In advance of the opening of the station on April 15, 2000, officials announced that Richard Street station would have musical entertainment, various vendors, a local bake sale and guest appearances by players of the New York/New Jersey MetroStars, a Harrison-based Major League Soccer affiliate.

Governor Christine Todd Whitman was on the first operating train at 10 a.m. on April 15, 2000. She followed by addressing the crowd of riders in attendance of the opening. Due to poor weather, turnout at the opening missed expectations, with 7,500 people riding the light rail. It is located along the former Central Railroad of New Jersey right of way, which terminated at Communipaw Terminal. During excavations for its construction, workers came across what appear to be the petrified remains of luggage, which were also found at nearby Danforth Avenue stop.

On August 1, 2010, gunfire erupted at the station, sending a group of people running for cover as they were chased by a gunman on the platform. Police arrived at 10:32pm (EST). The gunman and the group were gone, but police recovered three spent bullet casings at the scene, and one bullet projectile at the base of the steps leading to the platform. One of the railings of the steps was struck by one of the bullets. A witness who had been walking about 50 feet behind the group on the platform stated he saw another man run past him and fire three or four shots into the group. No one was shot or injured.
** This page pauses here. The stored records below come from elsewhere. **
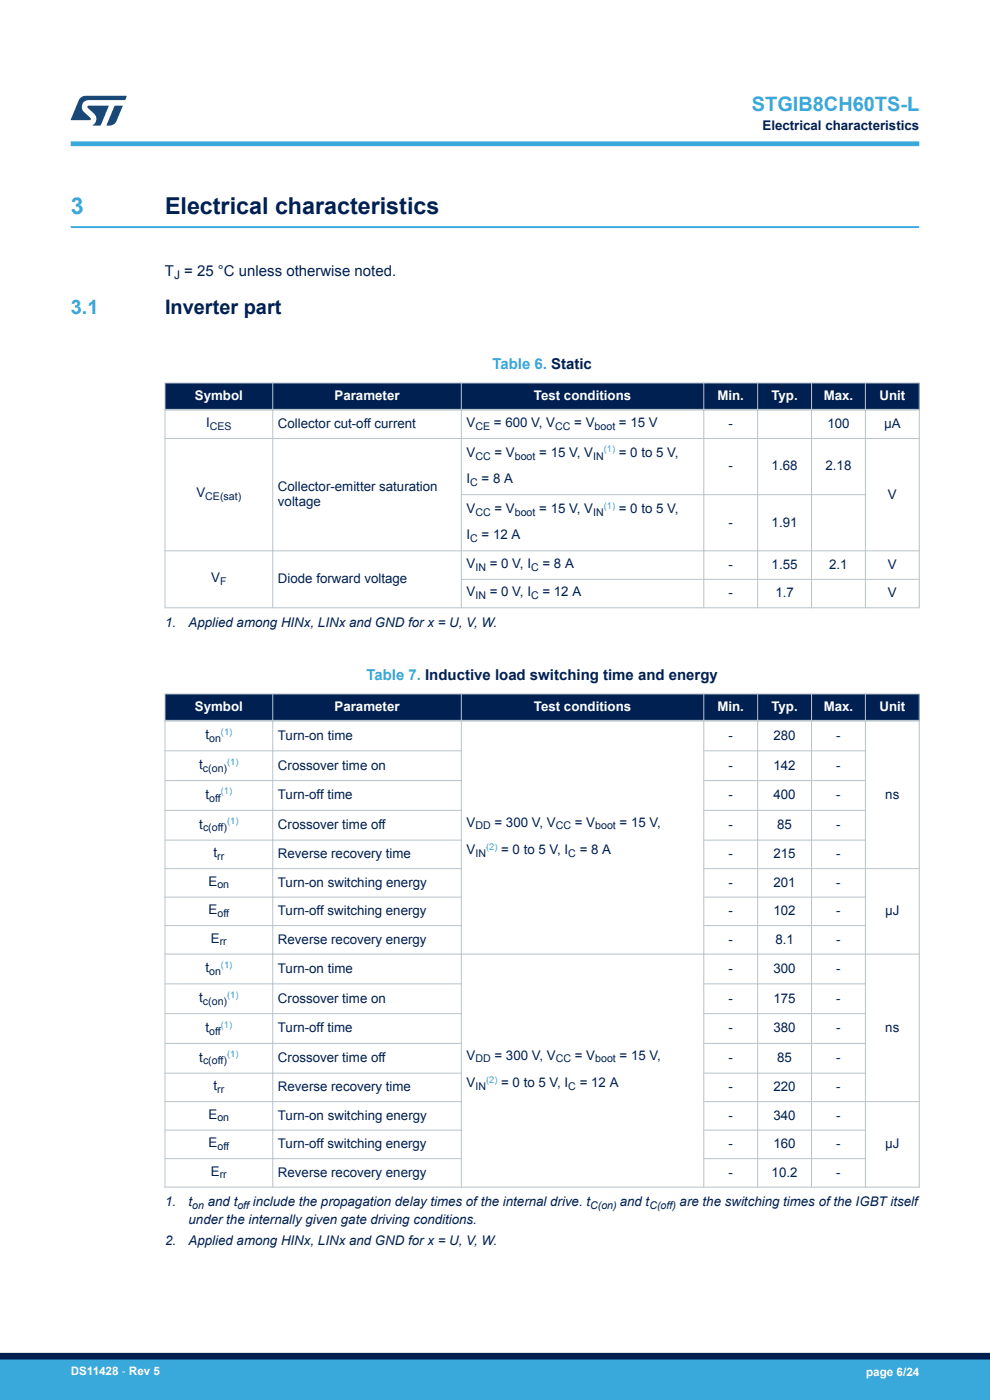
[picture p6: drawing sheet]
<svg xmlns="http://www.w3.org/2000/svg" width="210mm" height="297mm" viewBox="0 0 210 297" stroke-linecap="round" stroke-linejoin="round" font-family="sans-serif">
<defs><g id="words">
<text font-size="4.9" fill="#39a9dc" x="15" y="45.4">3</text>
<text font-size="4.9" fill="#002052" x="35" y="45.4">Electrical characteristics</text>
<g font-size="4.2" fill="#39a9dc">
<text x="159.5" y="23.5">STGIB8CH60TS-L</text>
<text x="15" y="66.6">3.1</text>
</g>
<text font-size="4.2" fill="#002052" x="35" y="66.6">Inverter part</text>
<text font-size="3.2" fill="#002052" x="35" y="58.6">T = 25 °C unless otherwise noted.</text>
<g font-size="3.2" fill="#39a9dc">
<text x="104.4" y="78.3">Table 6. Static</text>
<text x="77.7" y="144.2">Table 7. Inductive load switching time and energy</text>
</g>
<g font-size="2.8" fill="#002052">
<text x="161.7" y="27.5">Electrical characteristics</text>
<text x="43.7" y="90.6">I</text>
<text x="59" y="90.8">Collector cut-off current</text>
<text x="99" y="90.6">V</text>
<text x="104.8" y="90.6">= 600 V, V</text>
<text x="121.8" y="90.6">= V</text>
<text x="131.3" y="90.6">= 15 V</text>
<text x="154.5" y="90.8">-</text>
<text x="175.5" y="90.8">100</text>
<text x="187.5" y="90.8">µA</text>
<text x="99" y="96.9">V</text>
<text x="104.9" y="96.9">= V</text>
<text x="114.4" y="96.9">= 15 V, V</text>
<text x="131.3" y="96.9">= 0 to 5 V,</text>
<text x="154.5" y="99.8">-</text>
<text x="163.7" y="99.8">1.68</text>
<text x="175.1" y="99.8">2.18</text>
<text x="41.7" y="105.5">V</text>
<text x="59" y="104.1">Collector-emitter saturation</text>
<text x="59" y="107.4">voltage</text>
<text x="99" y="102.5">I</text>
<text x="102.2" y="102.5">= 8 A</text>
<text x="188.3" y="105.8">V</text>
<text x="99" y="108.8">V</text>
<text x="104.9" y="108.8">= V</text>
<text x="114.4" y="108.8">= 15 V, V</text>
<text x="131.3" y="108.8">= 0 to 5 V,</text>
<text x="154.5" y="111.7">-</text>
<text x="163.7" y="111.7">1.91</text>
<text x="99" y="114.4">I</text>
<text x="102.2" y="114.4">= 12 A</text>
<text x="44.8" y="123.5">V</text>
<text x="59" y="123.7">Diode forward voltage</text>
<text x="99" y="120.5">V</text>
<text x="103.9" y="120.5">= 0 V, I</text>
<text x="115.1" y="120.5">= 8 A</text>
<text x="154.5" y="120.7">-</text>
<text x="163.7" y="120.7">1.55</text>
<text x="175.9" y="120.7">2.1</text>
<text x="188.3" y="120.7">V</text>
<text x="99" y="126.5">V</text>
<text x="103.9" y="126.5">= 0 V, I</text>
<text x="115.1" y="126.5">= 12 A</text>
<text x="154.5" y="126.7">-</text>
<text x="164.5" y="126.7">1.7</text>
<text x="188.3" y="126.7">V</text>
<text x="35" y="133">1.</text>
<text x="40" y="133">Applied among HINx, LINx and GND for x = U, V, W.</text>
<text x="43.6" y="156.8">t</text>
<text x="59" y="156.9">Turn-on time</text>
<text x="154.5" y="156.9">-</text>
<text x="164.1" y="156.9">280</text>
<text x="177.4" y="156.9">-</text>
<text x="42.3" y="163.2">t</text>
<text x="59" y="163.2">Crossover time on</text>
<text x="154.5" y="163.2">-</text>
<text x="164.1" y="163.2">142</text>
<text x="177.4" y="163.2">-</text>
<text x="43.6" y="169.5">t</text>
<text x="59" y="169.6">Turn-off time</text>
<text x="154.5" y="169.6">-</text>
<text x="164.1" y="169.6">400</text>
<text x="177.4" y="169.6">-</text>
<text x="187.8" y="169.4">ns</text>
<text x="42.3" y="175.8">t</text>
<text x="59" y="175.9">Crossover time off</text>
<text x="99" y="175.3">V</text>
<text x="104.9" y="175.3">= 300 V, V</text>
<text x="121.9" y="175.3">= V</text>
<text x="131.4" y="175.3">= 15 V,</text>
<text x="154.5" y="175.9">-</text>
<text x="164.9" y="175.9">85</text>
<text x="177.4" y="175.9">-</text>
<text x="45.3" y="181.8">t</text>
<text x="59" y="182.1">Reverse recovery time</text>
<text x="99" y="181.2">V</text>
<text x="106.3" y="181.2">= 0 to 5 V, I</text>
<text x="123" y="181.2">= 8 A</text>
<text x="154.5" y="182.1">-</text>
<text x="164.1" y="182.1">215</text>
<text x="177.4" y="182.1">-</text>
<text x="44.2" y="187.9">E</text>
<text x="59" y="188.1">Turn-on switching energy</text>
<text x="154.5" y="188.1">-</text>
<text x="164.1" y="188.1">201</text>
<text x="177.4" y="188.1">-</text>
<text x="44.3" y="193.9">E</text>
<text x="59" y="194.1">Turn-off switching energy</text>
<text x="154.5" y="194.1">-</text>
<text x="164.1" y="194.1">102</text>
<text x="177.4" y="194.1">-</text>
<text x="187.8" y="194.1">µJ</text>
<text x="44.7" y="200">E</text>
<text x="59" y="200.2">Reverse recovery energy</text>
<text x="154.5" y="200.2">-</text>
<text x="164.5" y="200.2">8.1</text>
<text x="177.4" y="200.2">-</text>
<text x="43.6" y="206.3">t</text>
<text x="59" y="206.4">Turn-on time</text>
<text x="154.5" y="206.4">-</text>
<text x="164.1" y="206.4">300</text>
<text x="177.4" y="206.4">-</text>
<text x="42.3" y="212.6">t</text>
<text x="59" y="212.7">Crossover time on</text>
<text x="154.5" y="212.7">-</text>
<text x="164.1" y="212.7">175</text>
<text x="177.4" y="212.7">-</text>
<text x="43.6" y="218.9">t</text>
<text x="59" y="219">Turn-off time</text>
<text x="154.5" y="219">-</text>
<text x="164.1" y="219">380</text>
<text x="177.4" y="219">-</text>
<text x="187.8" y="218.9">ns</text>
<text x="42.3" y="225.2">t</text>
<text x="59" y="225.3">Crossover time off</text>
<text x="99" y="224.8">V</text>
<text x="104.9" y="224.8">= 300 V, V</text>
<text x="121.9" y="224.8">= V</text>
<text x="131.4" y="224.8">= 15 V,</text>
<text x="154.5" y="225.3">-</text>
<text x="164.9" y="225.3">85</text>
<text x="177.4" y="225.3">-</text>
<text x="45.3" y="231.3">t</text>
<text x="59" y="231.5">Reverse recovery time</text>
<text x="99" y="230.6">V</text>
<text x="106.3" y="230.6">= 0 to 5 V, I</text>
<text x="123" y="230.6">= 12 A</text>
<text x="154.5" y="231.5">-</text>
<text x="164.1" y="231.5">220</text>
<text x="177.4" y="231.5">-</text>
<text x="44.2" y="237.3">E</text>
<text x="59" y="237.5">Turn-on switching energy</text>
<text x="154.5" y="237.5">-</text>
<text x="164.1" y="237.5">340</text>
<text x="177.4" y="237.5">-</text>
<text x="44.3" y="243.4">E</text>
<text x="59" y="243.6">Turn-off switching energy</text>
<text x="154.5" y="243.6">-</text>
<text x="164.1" y="243.6">160</text>
<text x="177.4" y="243.6">-</text>
<text x="187.8" y="243.6">µJ</text>
<text x="44.7" y="249.4">E</text>
<text x="59" y="249.6">Reverse recovery energy</text>
<text x="154.5" y="249.6">-</text>
<text x="163.7" y="249.6">10.2</text>
<text x="177.4" y="249.6">-</text>
<text x="35" y="255.9">1.</text>
<text x="40" y="255.9">t</text>
<text x="44.1" y="255.9">and t</text>
<text x="53.7" y="255.9">include the propagation delay times of the internal drive. t</text>
<text x="131.5" y="255.9">and t</text>
<text x="144.2" y="255.9">are the switching times of the IGBT itself</text>
<text x="40" y="259.7">under the internally given gate driving conditions.</text>
<text x="35" y="264.1">2.</text>
<text x="40" y="264.1">Applied among HINx, LINx and GND for x = U, V, W.</text>
</g>
<g font-size="2.8" fill="#fff">
<text x="41.3" y="84.9">Symbol</text>
<text x="71" y="84.9">Parameter</text>
<text x="113.2" y="84.9">Test conditions</text>
<text x="152.2" y="84.9">Min.</text>
<text x="163.6" y="84.9">Typ.</text>
<text x="174.7" y="84.9">Max.</text>
<text x="186.5" y="84.9">Unit</text>
<text x="41.3" y="150.8">Symbol</text>
<text x="71" y="150.8">Parameter</text>
<text x="113.2" y="150.8">Test conditions</text>
<text x="152.2" y="150.8">Min.</text>
<text x="163.6" y="150.8">Typ.</text>
<text x="174.7" y="150.8">Max.</text>
<text x="186.5" y="150.8">Unit</text>
</g>
<text font-size="2.5" fill="#002052" x="36.9" y="59.2">J</text>
<g font-size="2.5" fill="#fff">
<text x="15" y="291.6">DS11428 - Rev 5</text>
<text x="183.7" y="291.9">page 6/24</text>
</g>
<g font-size="2.3" fill="#002052">
<text x="44.5" y="91.2">CES</text>
<text x="100.8" y="91.2">CE</text>
<text x="117.8" y="91.2">CC</text>
<text x="126.1" y="91.2">boot</text>
<text x="100.8" y="97.5">CC</text>
<text x="109.2" y="97.5">boot</text>
<text x="125.8" y="97.5">IN</text>
<text x="43.5" y="106.1">CE(sat)</text>
<text x="99.7" y="103.1">C</text>
<text x="100.8" y="109.4">CC</text>
<text x="109.2" y="109.4">boot</text>
<text x="125.8" y="109.4">IN</text>
<text x="99.7" y="115">C</text>
<text x="46.7" y="124.1">F</text>
<text x="100.8" y="121">IN</text>
<text x="112.6" y="121">C</text>
<text x="100.8" y="127.1">IN</text>
<text x="112.6" y="127.1">C</text>
<text x="44.4" y="157.4">on</text>
<text x="43" y="163.7">c(on)</text>
<text x="44.4" y="170">off</text>
<text x="43.1" y="176.4">c(off)</text>
<text x="100.8" y="175.9">DD</text>
<text x="117.9" y="175.9">CC</text>
<text x="126.2" y="175.9">boot</text>
<text x="46.1" y="182.4">rr</text>
<text x="100.8" y="181.8">IN</text>
<text x="120.6" y="181.8">C</text>
<text x="46.1" y="188.4">on</text>
<text x="46.1" y="194.5">off</text>
<text x="46.6" y="200.5">rr</text>
<text x="44.4" y="206.9">on</text>
<text x="43" y="213.2">c(on)</text>
<text x="44.4" y="219.5">off</text>
<text x="43.1" y="225.8">c(off)</text>
<text x="100.8" y="225.3">DD</text>
<text x="117.9" y="225.3">CC</text>
<text x="126.2" y="225.3">boot</text>
<text x="46.1" y="231.8">rr</text>
<text x="100.8" y="231.2">IN</text>
<text x="120.6" y="231.2">C</text>
<text x="46.1" y="237.9">on</text>
<text x="46.1" y="243.9">off</text>
<text x="46.6" y="250">rr</text>
<text x="40.8" y="256.5">on</text>
<text x="50.4" y="256.5">off</text>
<text x="125.2" y="256.5">C(on)</text>
<text x="137.7" y="256.5">C(off)</text>
</g>
<g font-size="2" fill="#39a9dc">
<text x="128.1" y="96">(1)</text>
<text x="128.1" y="107.9">(1)</text>
<text x="46.9" y="155.9">(1)</text>
<text x="48.2" y="162.2">(1)</text>
<text x="46.8" y="168.5">(1)</text>
<text x="48.2" y="174.9">(1)</text>
<text x="103.1" y="180.3">(2)</text>
<text x="46.9" y="205.3">(1)</text>
<text x="48.2" y="211.7">(1)</text>
<text x="46.8" y="218">(1)</text>
<text x="48.2" y="224.3">(1)</text>
<text x="103.1" y="229.7">(2)</text>
</g>
</g></defs>
<path d="M15 48.2h180" fill="none" stroke="#39a9dc" stroke-width=".4"/>
<g fill="#002052">
<path d="M35 81.2h160v5.7h-160z" fill-rule="evenodd"/>
<path d="M35 81.2h160v5.7h-160z" fill-rule="evenodd"/>
</g>
<g fill="none" stroke="#b9c4ca" stroke-width=".21">
<path d="M34.9 81.2h160.2M34.9 93h160.2M35 81.1v47.9M57.9 81.1v47.9M97.9 81.1v47.9M149.3 81.1v47.9M160.7 81.1v47.9M172.1 81.1v47.9M183.6 81.1v47.9M195 81.1v47.9M34.9 116.9h160.2M97.8 104.9h85.9"/>
<path d="M34.9 128.9h160.2M97.8 122.9h97.3"/>
</g>
<path d="M34.9 86.9h160.2" fill="none" stroke="#b9c4ca" stroke-width=".35"/>
<g fill="#002052">
<path d="M35 147.2h160v5.7h-160z" fill-rule="evenodd"/>
<path d="M35 147.2h160v5.7h-160z" fill-rule="evenodd"/>
</g>
<g fill="none" stroke="#b9c4ca" stroke-width=".21">
<path d="M34.9 147.2h160.2M34.9 159.3h63.1M35 147.1v104.8M57.9 147.1v104.8M97.9 147.1v104.8M149.2 159.3h34.5M149.3 147.1v104.8M160.7 147.1v104.8M172.1 147.1v104.8M183.6 147.1v104.8M195 147.1v104.8M34.9 165.6h63.1"/>
<path d="M34.9 171.9h63.1M34.9 178.2h63.1M149.2 165.6h34.5M149.2 171.9h34.5M149.2 178.2h34.5M34.9 184.3h63.1M34.9 190.3h63.1M34.9 196.4h63.1M149.2 190.3h34.5M149.2 196.4h34.5M195.1 184.3h-45.9M34.9 202.4h160.2"/>
<path d="M34.9 208.7h63.1M34.9 215h63.1M149.2 208.7h34.5M149.2 215h34.5M34.9 233.7h63.1M34.9 221.4h63.1M34.9 227.7h63.1M34.9 239.8h63.1M149.2 233.7h45.9M149.2 221.4h34.5M149.2 227.7h34.5M149.2 239.8h34.5"/>
<path d="M34.9 251.8h160.2M34.9 245.8h63.1M149.2 245.8h34.5"/>
</g>
<path d="M34.9 152.9h160.2" fill="none" stroke="#b9c4ca" stroke-width=".35"/>
<path d="M15 30.5h180" fill="none" stroke="#39a9dc" stroke-width="1"/>
<g fill="#005288">
<path d="M17.1 20.7l1.1-.4 8.7 .1-.4 .8h-7.6a1.45 1.45 0 0 0-1.4 .9 1.45 1.45 0 0 0 .2 1.6l1.5 1.3v.4l-4.2 .1 1.7-4.2z"/>
<path d="M24.3 22.4l1.7 .1-1.3 3.2a1.6 1.6 0 0 1-1.5 .9l-.6-.1z"/>
<path d="M18.6 22.5h4.5l-1.8 4.1h-1.7a1.54 1.54 0 0 0 .4-2.4l-1.4-1.3z"/>
</g>
<g fill="#39a9dc">
<path d="M0 288.4h210v8.6h-210z" fill-rule="evenodd"/>
<path d="M-.1 288.4h210.2v4.4h-210.2z" fill-rule="evenodd"/>
</g>
<path d="M0 287.7h210" fill="none" stroke="#002052" stroke-width="1.4"/>
<use href="#words"/>
</svg>

The gunman, was described as being in his late teens, 5-foot-8, wearing blue jeans and a black T-shirt.

== Bibliography ==
- Bernhart, Benjamin L. (2004). "Historic Journeys By Rail: Central Railroad of New Jersey Stations, Structures & Marine Equipment"
- Federal Transit Administration (1995). "Turnkey Demonstration Program"
- New Jersey State Board of Taxes and Assessment (1918). "Third Annual Report of the New Jersey State Board of Taxes and Assessment"
- New Jersey Transit (1995). "Bayonne Extension Supplemental Draft Environmental Impact Statement"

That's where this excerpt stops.